Stored data:
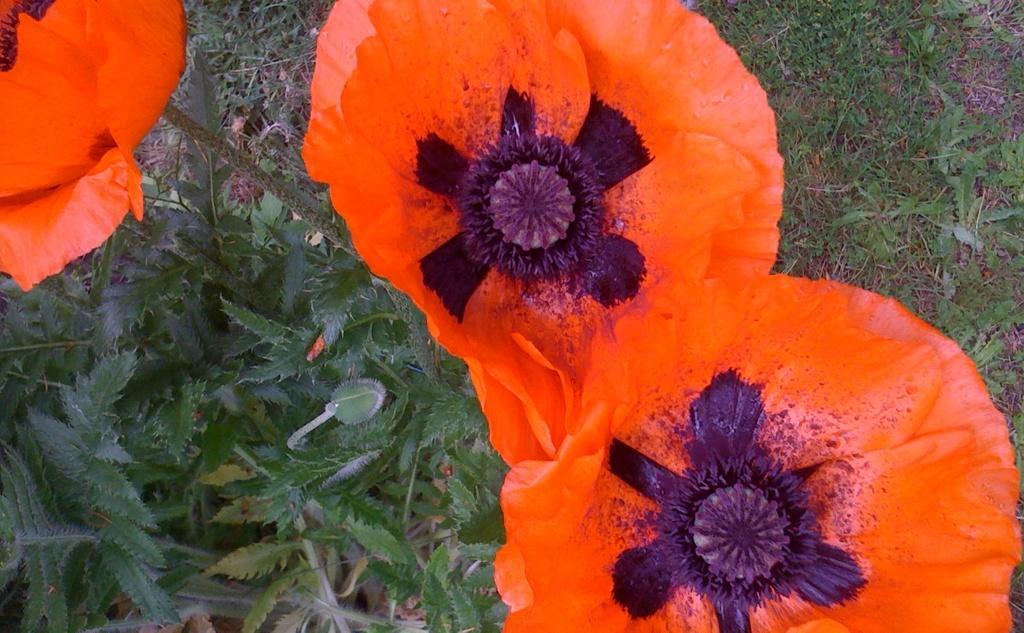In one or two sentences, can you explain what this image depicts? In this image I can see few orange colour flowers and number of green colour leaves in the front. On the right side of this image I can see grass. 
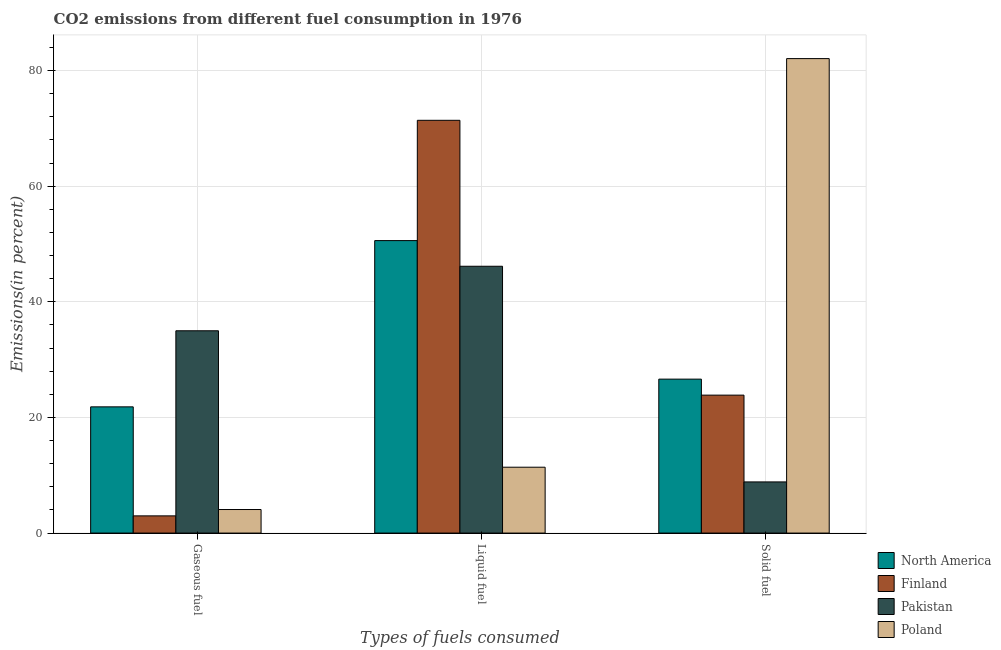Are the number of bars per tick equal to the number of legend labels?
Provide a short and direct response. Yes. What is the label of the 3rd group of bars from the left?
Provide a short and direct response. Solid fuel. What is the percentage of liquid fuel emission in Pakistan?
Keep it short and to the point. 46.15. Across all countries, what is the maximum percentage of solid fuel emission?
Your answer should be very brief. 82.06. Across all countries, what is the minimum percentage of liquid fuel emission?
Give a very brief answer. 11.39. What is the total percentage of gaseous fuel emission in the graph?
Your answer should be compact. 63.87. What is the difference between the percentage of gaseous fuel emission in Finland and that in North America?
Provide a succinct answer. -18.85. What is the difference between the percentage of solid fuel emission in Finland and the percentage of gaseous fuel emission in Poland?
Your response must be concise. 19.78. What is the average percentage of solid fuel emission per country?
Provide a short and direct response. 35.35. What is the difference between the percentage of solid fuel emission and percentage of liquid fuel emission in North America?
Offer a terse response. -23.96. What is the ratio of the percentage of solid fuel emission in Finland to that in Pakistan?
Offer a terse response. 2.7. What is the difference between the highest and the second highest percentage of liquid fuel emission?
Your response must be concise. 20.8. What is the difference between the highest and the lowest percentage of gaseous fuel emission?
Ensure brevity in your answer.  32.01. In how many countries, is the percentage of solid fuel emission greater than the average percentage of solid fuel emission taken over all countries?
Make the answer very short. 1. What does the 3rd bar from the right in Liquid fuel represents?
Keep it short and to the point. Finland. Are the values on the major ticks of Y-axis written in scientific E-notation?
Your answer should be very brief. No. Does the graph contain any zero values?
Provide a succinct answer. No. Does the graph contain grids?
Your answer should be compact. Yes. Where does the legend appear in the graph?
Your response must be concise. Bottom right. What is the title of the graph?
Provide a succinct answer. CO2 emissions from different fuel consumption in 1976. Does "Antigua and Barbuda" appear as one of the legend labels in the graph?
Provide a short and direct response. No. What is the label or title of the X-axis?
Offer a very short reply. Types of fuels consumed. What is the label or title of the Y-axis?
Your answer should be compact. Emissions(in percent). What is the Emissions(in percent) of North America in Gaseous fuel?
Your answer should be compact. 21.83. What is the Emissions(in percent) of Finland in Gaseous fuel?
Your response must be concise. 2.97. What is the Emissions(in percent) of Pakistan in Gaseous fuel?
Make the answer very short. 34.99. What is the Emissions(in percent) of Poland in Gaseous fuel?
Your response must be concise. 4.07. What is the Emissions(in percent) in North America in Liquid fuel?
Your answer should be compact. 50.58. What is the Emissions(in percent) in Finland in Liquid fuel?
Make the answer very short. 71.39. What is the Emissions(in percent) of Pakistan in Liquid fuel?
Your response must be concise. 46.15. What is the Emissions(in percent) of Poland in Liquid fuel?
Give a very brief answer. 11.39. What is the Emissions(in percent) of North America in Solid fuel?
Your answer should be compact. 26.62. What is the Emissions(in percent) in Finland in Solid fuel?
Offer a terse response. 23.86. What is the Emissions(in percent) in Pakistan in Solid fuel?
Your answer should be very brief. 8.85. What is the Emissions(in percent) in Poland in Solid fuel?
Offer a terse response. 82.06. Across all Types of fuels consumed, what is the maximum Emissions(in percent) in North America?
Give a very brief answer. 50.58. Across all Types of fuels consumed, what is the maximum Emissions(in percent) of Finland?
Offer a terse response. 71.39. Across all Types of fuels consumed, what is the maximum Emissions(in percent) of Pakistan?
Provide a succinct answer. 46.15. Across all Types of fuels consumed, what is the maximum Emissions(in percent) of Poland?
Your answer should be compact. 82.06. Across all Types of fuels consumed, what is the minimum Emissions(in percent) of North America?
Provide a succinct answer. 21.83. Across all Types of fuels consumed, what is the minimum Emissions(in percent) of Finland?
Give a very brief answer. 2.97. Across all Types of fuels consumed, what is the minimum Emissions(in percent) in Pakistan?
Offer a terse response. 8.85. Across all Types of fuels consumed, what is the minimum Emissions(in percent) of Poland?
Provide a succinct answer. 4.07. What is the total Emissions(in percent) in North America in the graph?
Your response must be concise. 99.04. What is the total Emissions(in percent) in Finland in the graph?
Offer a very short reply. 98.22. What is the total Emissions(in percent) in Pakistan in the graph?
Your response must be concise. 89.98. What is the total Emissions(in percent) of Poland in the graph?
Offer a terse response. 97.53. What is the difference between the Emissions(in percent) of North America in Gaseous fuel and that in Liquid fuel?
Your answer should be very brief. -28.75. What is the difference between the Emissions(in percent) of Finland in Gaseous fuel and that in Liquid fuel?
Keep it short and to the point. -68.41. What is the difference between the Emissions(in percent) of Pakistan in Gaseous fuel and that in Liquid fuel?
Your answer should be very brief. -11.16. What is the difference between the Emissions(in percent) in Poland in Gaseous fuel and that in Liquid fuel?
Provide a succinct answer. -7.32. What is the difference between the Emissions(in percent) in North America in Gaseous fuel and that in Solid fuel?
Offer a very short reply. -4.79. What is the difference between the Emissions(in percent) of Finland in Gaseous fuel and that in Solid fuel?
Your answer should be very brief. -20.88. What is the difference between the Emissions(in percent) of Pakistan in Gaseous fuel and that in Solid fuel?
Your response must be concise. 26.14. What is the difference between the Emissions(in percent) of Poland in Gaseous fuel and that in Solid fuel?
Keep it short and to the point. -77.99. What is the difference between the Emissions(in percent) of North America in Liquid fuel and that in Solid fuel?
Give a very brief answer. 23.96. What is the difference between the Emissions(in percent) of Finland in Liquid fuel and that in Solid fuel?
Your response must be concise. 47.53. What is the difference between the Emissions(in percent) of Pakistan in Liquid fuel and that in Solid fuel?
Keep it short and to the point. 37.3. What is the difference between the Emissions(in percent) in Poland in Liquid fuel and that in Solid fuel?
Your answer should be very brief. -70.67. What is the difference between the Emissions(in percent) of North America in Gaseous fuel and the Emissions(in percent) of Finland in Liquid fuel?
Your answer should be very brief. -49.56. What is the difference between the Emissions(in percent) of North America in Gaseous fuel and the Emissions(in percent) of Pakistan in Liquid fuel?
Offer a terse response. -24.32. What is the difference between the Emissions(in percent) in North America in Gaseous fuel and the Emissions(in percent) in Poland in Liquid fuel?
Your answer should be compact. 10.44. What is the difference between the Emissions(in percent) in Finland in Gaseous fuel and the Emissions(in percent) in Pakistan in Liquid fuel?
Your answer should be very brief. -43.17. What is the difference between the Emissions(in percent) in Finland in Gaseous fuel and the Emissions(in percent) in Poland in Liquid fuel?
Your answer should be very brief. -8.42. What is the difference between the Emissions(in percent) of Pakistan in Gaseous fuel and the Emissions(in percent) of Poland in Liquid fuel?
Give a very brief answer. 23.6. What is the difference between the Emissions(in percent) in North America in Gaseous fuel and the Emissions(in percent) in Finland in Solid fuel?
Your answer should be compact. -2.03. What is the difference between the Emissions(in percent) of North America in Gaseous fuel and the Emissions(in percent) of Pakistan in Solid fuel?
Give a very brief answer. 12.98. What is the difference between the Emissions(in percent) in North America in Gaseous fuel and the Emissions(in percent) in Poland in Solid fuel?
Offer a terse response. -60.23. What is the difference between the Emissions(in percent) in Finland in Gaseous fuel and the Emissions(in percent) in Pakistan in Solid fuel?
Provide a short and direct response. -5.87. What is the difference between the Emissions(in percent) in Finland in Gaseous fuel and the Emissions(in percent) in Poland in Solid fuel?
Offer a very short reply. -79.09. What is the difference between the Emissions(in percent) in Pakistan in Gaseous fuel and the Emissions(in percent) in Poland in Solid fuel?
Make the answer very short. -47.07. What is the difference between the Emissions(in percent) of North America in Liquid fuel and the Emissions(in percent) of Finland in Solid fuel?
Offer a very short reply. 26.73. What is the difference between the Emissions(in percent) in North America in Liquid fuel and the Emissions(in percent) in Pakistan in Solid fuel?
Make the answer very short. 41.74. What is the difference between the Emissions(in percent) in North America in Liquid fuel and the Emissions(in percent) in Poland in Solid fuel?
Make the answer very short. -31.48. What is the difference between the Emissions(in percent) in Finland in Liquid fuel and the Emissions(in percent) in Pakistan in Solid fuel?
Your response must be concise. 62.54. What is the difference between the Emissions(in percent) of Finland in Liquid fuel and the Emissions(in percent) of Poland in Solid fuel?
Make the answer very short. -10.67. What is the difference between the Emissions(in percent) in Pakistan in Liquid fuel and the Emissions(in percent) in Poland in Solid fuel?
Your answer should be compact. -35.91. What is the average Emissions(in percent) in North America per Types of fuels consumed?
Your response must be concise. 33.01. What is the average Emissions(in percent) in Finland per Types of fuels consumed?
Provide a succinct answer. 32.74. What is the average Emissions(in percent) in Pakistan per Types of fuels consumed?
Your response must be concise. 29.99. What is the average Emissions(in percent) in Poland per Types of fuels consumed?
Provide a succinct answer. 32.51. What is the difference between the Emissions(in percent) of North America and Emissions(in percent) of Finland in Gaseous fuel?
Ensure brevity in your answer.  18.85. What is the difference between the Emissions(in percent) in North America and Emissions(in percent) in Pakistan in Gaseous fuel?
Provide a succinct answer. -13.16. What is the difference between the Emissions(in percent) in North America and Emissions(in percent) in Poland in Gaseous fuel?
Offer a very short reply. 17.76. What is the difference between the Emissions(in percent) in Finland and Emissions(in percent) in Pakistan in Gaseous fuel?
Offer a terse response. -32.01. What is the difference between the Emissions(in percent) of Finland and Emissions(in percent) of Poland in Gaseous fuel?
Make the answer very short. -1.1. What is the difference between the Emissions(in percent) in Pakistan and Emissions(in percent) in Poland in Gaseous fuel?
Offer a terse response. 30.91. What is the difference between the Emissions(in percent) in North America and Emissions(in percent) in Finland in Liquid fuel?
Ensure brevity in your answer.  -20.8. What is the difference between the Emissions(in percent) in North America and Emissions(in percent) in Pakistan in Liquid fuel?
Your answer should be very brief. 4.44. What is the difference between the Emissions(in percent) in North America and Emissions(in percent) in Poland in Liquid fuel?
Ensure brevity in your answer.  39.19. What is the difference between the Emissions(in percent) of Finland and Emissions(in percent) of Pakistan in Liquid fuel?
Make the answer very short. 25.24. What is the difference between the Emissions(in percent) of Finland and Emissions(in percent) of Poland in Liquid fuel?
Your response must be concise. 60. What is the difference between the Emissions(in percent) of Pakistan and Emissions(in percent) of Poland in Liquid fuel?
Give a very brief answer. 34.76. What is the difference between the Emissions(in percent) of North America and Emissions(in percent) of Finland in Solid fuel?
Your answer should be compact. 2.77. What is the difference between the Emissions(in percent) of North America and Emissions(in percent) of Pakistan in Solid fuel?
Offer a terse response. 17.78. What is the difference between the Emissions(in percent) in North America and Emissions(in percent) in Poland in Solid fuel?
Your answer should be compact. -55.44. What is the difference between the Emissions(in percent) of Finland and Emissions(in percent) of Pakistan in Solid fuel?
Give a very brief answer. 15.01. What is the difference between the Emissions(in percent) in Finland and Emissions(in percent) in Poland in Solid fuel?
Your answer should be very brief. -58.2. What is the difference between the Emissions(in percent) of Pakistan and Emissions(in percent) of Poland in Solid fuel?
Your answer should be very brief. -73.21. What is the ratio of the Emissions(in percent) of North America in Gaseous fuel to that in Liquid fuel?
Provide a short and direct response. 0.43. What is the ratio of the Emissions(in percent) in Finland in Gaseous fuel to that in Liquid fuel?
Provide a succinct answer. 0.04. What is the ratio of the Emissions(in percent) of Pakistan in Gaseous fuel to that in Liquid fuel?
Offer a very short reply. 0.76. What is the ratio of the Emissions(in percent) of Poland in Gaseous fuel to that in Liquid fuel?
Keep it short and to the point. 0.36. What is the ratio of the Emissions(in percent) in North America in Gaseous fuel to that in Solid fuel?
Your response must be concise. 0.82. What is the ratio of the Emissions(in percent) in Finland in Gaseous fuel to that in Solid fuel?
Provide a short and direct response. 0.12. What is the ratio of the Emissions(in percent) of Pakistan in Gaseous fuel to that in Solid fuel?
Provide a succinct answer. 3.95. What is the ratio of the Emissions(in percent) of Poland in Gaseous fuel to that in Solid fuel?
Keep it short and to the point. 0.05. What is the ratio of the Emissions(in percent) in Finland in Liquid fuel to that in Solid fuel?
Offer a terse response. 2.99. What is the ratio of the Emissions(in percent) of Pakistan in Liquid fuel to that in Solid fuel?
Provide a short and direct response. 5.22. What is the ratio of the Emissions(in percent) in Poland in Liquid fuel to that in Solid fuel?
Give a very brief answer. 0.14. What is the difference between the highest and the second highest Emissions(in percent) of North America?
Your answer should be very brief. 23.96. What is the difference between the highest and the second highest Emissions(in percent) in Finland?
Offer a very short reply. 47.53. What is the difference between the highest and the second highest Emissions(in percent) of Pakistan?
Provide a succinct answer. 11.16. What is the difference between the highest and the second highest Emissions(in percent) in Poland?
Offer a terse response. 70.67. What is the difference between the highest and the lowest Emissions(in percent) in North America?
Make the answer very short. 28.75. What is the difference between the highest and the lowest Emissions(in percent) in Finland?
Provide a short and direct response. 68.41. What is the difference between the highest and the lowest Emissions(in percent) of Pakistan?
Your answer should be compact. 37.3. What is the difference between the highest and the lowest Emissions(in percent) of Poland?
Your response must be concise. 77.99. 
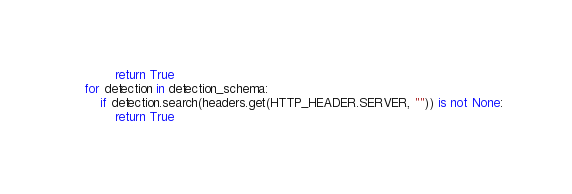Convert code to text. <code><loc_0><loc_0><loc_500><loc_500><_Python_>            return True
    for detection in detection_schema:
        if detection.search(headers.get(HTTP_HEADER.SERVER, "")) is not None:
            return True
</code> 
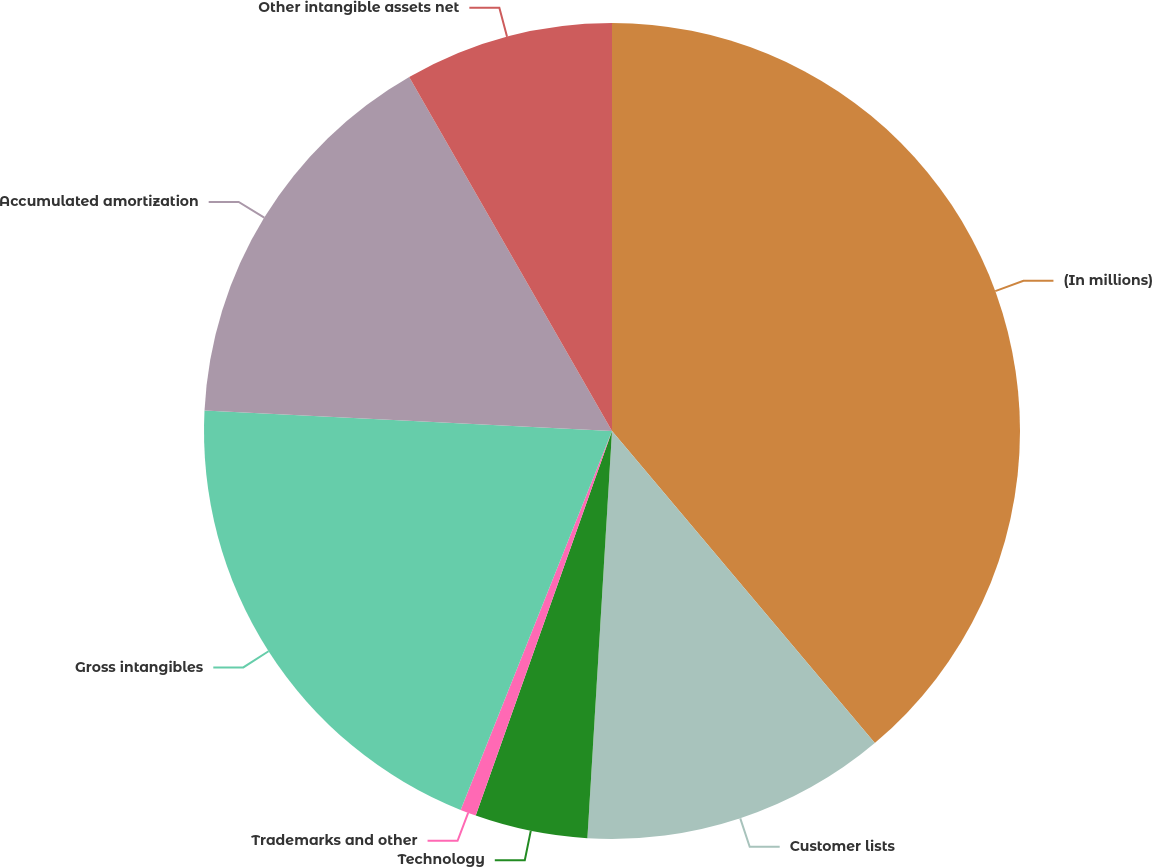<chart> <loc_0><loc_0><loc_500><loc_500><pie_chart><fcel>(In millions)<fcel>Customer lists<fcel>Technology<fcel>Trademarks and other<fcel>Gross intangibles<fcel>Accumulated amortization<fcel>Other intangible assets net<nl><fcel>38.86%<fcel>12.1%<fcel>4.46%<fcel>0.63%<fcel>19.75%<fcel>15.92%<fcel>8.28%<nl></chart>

WHAT NEEDS TO BE DONE ▸ Of the lines above, retype only those from the line containing "Offer a terse response. 30.91." through the line containing "and Emissions(in percent) in Pakistan in Liquid fuel?", including both, exactly.

ANSWER TO THE PROBLEM ▸
Offer a terse response. 30.91. What is the difference between the Emissions(in percent) in North America and Emissions(in percent) in Finland in Liquid fuel?
Ensure brevity in your answer.  -20.8. What is the difference between the Emissions(in percent) in North America and Emissions(in percent) in Pakistan in Liquid fuel?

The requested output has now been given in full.